CONTRE L’ENROLEMENT PAR FRANCE TRAVAIL

Une nouvelle étape dans la militarisation de l’emploi

Moreau olivier – secrétaire de section var France travail PACA

En janvier 2026, le ministre du Travail a annoncé la création d’une cellule nationale dédiée au recrutement pour l’industrie de
l’armement et de la défense, placée sous la responsabilité d’une générale d’armée.
Cette annonce marque une étape importante dans l’évolution des politiques publiques en matière d’emploi.
Cette « task force défense » est présentée dans le cadre du Toulon Défense Event, en présence des représentants du gouvernement et de la direction générale de France Travail.

Depuis 2022, cet événement avait pour objectif d’informer le public sur les métiers de la défense, de l’armée et de la sécurité
publique. France Travail y participait alors dans une logique d’information auprès de ses usagers.
Mais en 2026, dans un contexte marqué par le développement d’une économie de guerre, cet événement change de nature. Il
devient un outil central de promotion des métiers de l’armement et de la défense, avec pour objectif affiché de renforcer leur
attractivité et d’augmenter les recrutements.
Pour atteindre cet objectif, une mobilisation importante a été mise en place. Les agents de France Travail ont été fortement
sollicités afin d’assurer une participation massive. L’enjeu est de montrer, à travers l’image, que ces secteurs attirent et
constituent une réponse aux besoins d’emploi.

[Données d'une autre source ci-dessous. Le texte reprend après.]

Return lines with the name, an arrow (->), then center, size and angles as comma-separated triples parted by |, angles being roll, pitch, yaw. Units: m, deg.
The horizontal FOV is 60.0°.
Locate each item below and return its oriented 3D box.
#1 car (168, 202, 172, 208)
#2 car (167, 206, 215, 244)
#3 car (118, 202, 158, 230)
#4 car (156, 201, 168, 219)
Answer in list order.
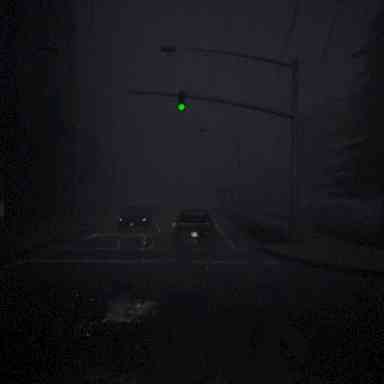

Parallèlement, une communication large et ciblée a été déployée en direction des collégiens, lycéens, étudiants, demandeurs
d’emploi et de leurs familles. Lors de l’événement, différents dispositifs sont proposés : démonstrations de drones, contenus immersifs, simulations et jeux vidéo.
Cette mise en scène contribue à présenter les technologies militaires sous un angle ludique et accessible. Elle participe à une
banalisation de l’armement, en mettant en avant son aspect technologique et attractif, sans en interroger les finalités ni
les conséquences.
Les métiers de la défense sont ainsi valorisés comme étant à la fois bien rémunérés et porteurs de sens, sans que les
réalités de ces activités soient pleinement abordées.

Une orientation organisée dans un contexte de contrainte
Cette évolution s’inscrit dans une dynamique déjà engagée. Fin 2025, un partenariat renforcé a été signé entre France Travail et l’armée de terre, avec pour objectif de développer les recrutements et de valoriser l’ensemble des métiers militaires, y compris ceux liés aux fonctions de combat.

France Travail a toujours eu pour mission d’informer sur les différents secteurs d’activité, y compris celui de la défense.
Toutefois, la mise en place de ce partenariat et la création d’une cellule dédiée au recrutement marquent un changement d’échelle. Il ne s’agit plus uniquement d’informer, mais de promouvoir activement ces métiers et d’orienter les publics vers ces débouchés.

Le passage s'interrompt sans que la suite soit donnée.